Tenant Fee Ban now in force

The Renting Homes (Fees Etc.) (Wales) Act 2019, banning landlords and letting agents from charging fees to tenants, came into effect this week. It is now illegal for tenants to be charged by landlords or letting agents in Wales in order to set up or renew a tenancy in the private rented sector.

The new law will not just mean a ban on letting fees, but also the majority of other upfront fees payable by tenants to rent a property in Wales.

The Welsh government estimates the new law will save tenants, on average, close to £200 per tenancy.
However, the cost of referencing, credit checking etc will now fall on landlords and agents and as an increase in rents is likely as landlords and agents loook for ways to replace this lost income. After all they are not charities. 

Landlords and letting agents re now only allowed to require a payment for rent, security deposits, holding deposits, a payment in default (when a tenant breaches a contract), and payments related to council tax, utilities, a television licence or communication services.

One industry pundit said  "Agents do spend quite a lot of time helping those who find it more challenging to go through a standard referencing process, some of those people might be on low incomes or from overseas and not used to the system.

"Because fees are being banned agents are more likely to say: 'I'm going to choose that person because they understand the system, they've got a good paying job'... over someone who may be presenting under universal credit which is a very complex system.

“That's really one of our bigger long-term concerns is in a hot rental market with under-supply of rental properties, that landlords and agents have the ability to pick and choose who goes in there before they even get to the point of being able to apply for the tenancy.”

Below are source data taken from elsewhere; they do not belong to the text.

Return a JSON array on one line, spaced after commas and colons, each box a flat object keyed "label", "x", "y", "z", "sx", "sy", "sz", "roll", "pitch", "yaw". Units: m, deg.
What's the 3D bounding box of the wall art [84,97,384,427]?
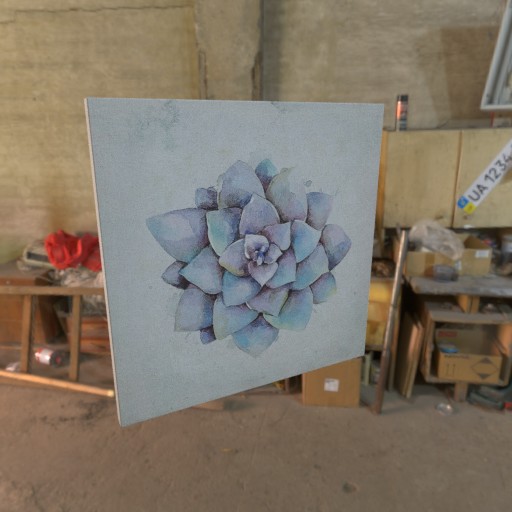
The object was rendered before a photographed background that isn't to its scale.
[{"label": "wall art", "x": 0.000, "y": 0.000, "z": 1.156, "sx": 0.762, "sy": 0.762, "sz": 0.038, "roll": -9, "pitch": 19, "yaw": -26}]
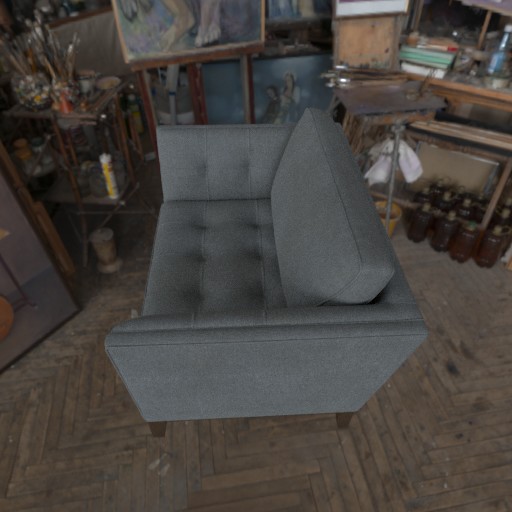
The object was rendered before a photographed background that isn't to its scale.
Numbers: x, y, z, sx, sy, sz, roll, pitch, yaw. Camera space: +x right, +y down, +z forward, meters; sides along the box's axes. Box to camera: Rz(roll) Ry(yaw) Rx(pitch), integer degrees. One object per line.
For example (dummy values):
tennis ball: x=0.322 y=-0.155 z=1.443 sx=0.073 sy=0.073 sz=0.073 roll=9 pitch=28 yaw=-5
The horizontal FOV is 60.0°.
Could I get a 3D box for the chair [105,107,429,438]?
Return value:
chair: x=0.000 y=0.000 z=2.006 sx=0.965 sy=0.942 sz=1.396 roll=-2 pitch=43 yaw=-2
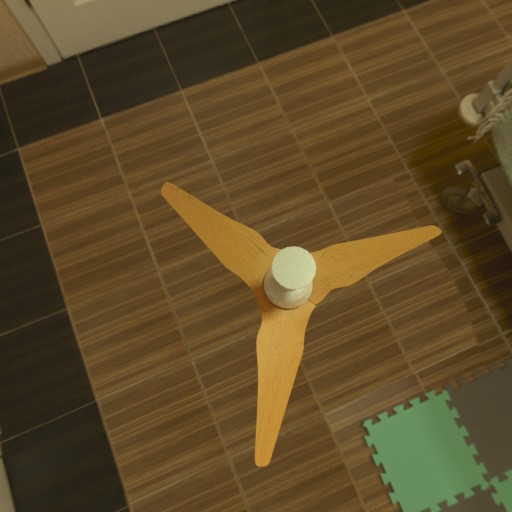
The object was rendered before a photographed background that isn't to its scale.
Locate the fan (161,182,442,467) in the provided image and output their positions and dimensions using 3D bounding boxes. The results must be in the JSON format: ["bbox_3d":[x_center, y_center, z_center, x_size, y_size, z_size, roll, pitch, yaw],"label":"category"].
[{"bbox_3d":[0.000,0.000,1.638,1.010,0.355,1.142,37,78,9],"label":"fan"}]
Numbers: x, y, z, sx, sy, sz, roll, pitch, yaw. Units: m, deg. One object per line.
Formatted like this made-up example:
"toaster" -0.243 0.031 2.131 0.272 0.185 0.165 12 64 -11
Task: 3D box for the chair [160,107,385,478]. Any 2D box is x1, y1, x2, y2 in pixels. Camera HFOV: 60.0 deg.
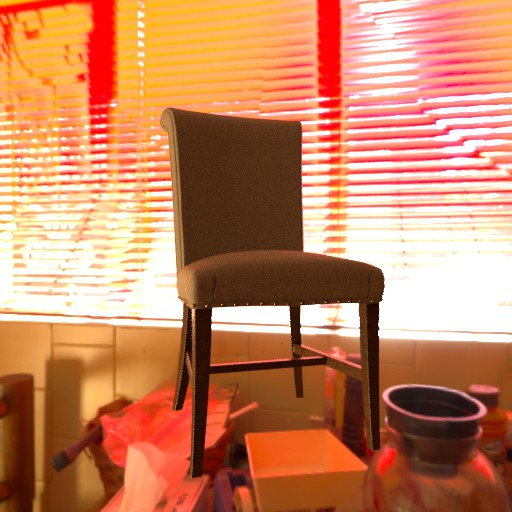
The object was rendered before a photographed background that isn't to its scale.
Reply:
"chair" 0.000 0.000 1.324 0.513 0.988 0.608 0 0 -18
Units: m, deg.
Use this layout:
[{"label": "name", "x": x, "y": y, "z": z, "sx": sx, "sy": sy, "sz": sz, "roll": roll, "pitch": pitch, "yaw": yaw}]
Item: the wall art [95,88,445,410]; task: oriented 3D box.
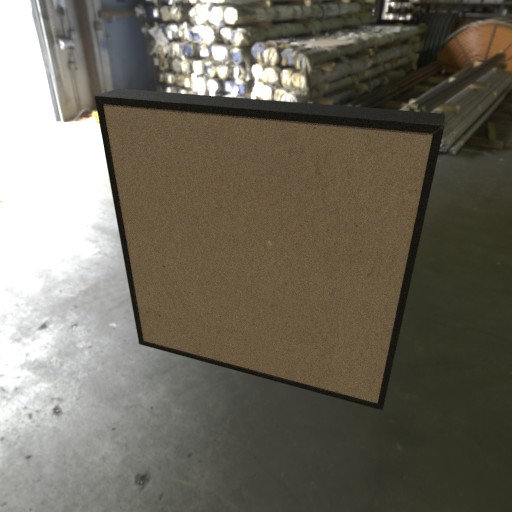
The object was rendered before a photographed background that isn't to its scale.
[{"label": "wall art", "x": 0.000, "y": 0.000, "z": 0.460, "sx": 0.305, "sy": 0.305, "sz": 0.038, "roll": 11, "pitch": 33, "yaw": 17}]
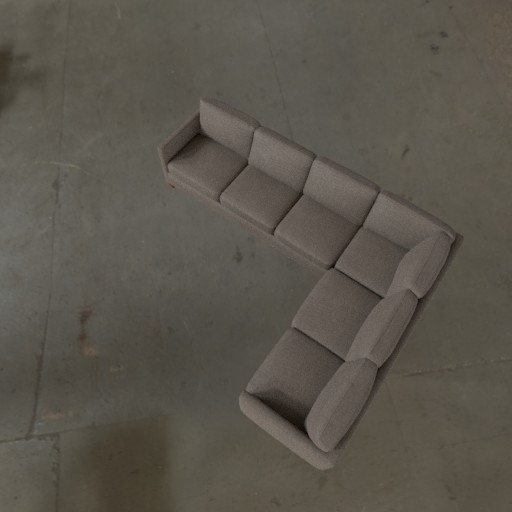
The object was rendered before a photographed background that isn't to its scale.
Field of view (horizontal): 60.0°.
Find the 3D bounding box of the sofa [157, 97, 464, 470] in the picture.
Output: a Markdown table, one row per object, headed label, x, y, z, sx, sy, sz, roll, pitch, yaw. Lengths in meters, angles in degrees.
| label | x | y | z | sx | sy | sz | roll | pitch | yaw |
| --- | --- | --- | --- | --- | --- | --- | --- | --- | --- |
| sofa | 0.000 | 0.000 | 4.546 | 3.302 | 0.947 | 2.593 | 32 | 66 | 16 |
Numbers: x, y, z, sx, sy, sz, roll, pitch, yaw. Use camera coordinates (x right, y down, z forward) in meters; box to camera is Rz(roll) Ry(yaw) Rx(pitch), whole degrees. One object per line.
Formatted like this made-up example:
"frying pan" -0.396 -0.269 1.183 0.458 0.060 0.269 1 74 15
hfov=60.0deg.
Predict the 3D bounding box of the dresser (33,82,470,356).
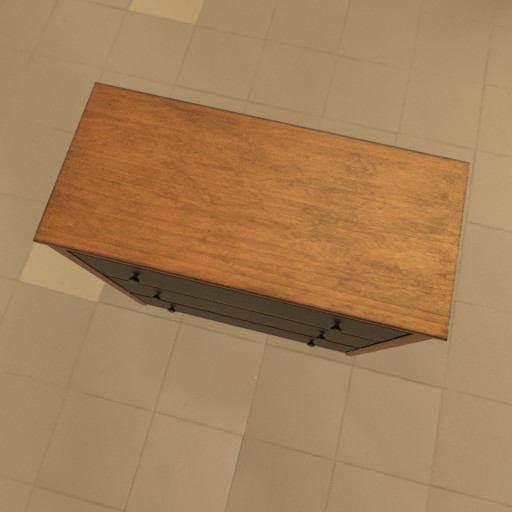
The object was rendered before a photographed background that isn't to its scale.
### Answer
"dresser" 0.000 0.000 1.945 1.250 1.224 0.591 13 75 4
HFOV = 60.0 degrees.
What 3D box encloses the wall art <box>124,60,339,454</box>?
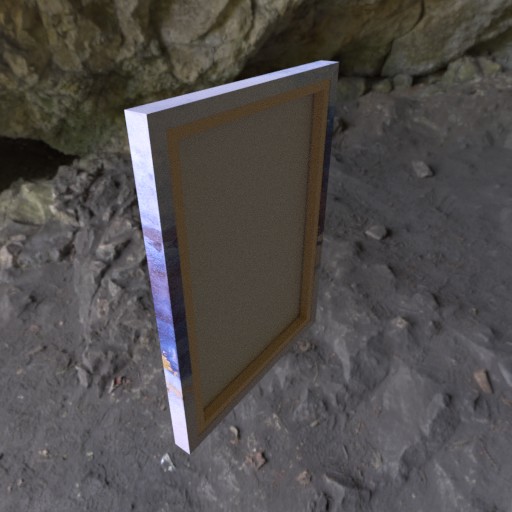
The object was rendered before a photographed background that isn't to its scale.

A ban on lettings fees in England came into force in June.

Thursday, 18 July 2019

12 month tenancies could become mandatory in Wales

Plans to extend the notice period for so-called ‘no fault’ evictions in Wales would give tenants 12-month contracts by default.
Minister for Housing and Local Government Julie James AM, has launched a consultation asking for views on proposals that include extending the minimum notice period applicable to a section 173 notice from two to six months. 
Section 173 of the Renting Homes (Wales) Act 2016, as currently drafted, allows a property owner to seek possession of a property without a breach of contract occurring with two months’ notice. However, the Minister believes there is more the Welsh Government can do about the use of no-fault evictions and has launched a consultation asking for views about amending the Renting Homes Act before it comes into force.
Under the consultation are main proposals for periodic contracts (those contracts with no end-date):
  • Extending the minimum notice period applicable to a section 173 notice from two to six months;
  • Restricting a landlord from serving a section 173 notice within the first six months of a periodic contract, rather than four months as currently provided for;
  • Placing a six-month restriction on issuing a section 173 notice following the expiry of a previous notice.
The main proposals for fixed-term contracts (those contracts with a pre-agreed end-date) are:
  • Removal of a landlord’s ability to end a fixed term standard contract under section 186;
  • To consider the use of break clauses in fixed term contracts.
The Welsh Government are also seeking views about other proposals including:
  • Restrictions on issuing possession notices to landlords which the courts have found to have carried out retaliatory eviction;
  • Restrictions on issuing possession notices to property owners in breach of other laws related to rented housing, such as not having an Energy Performance Certificate or a valid gas safety certificate.
If implemented this could create a situation where a property cannot be repossessed within the first six months and then introducing a further six-month notice period could cause huge problems for landlords.
They will be left powerless when it comes to problem tenants, who will be legally allowed to stay in the property for a year. If tenants are not paying rent, huge arrears could build up in this time.

Thursday, 23 May 2019

How does the Tenant Fees Act impact tenants?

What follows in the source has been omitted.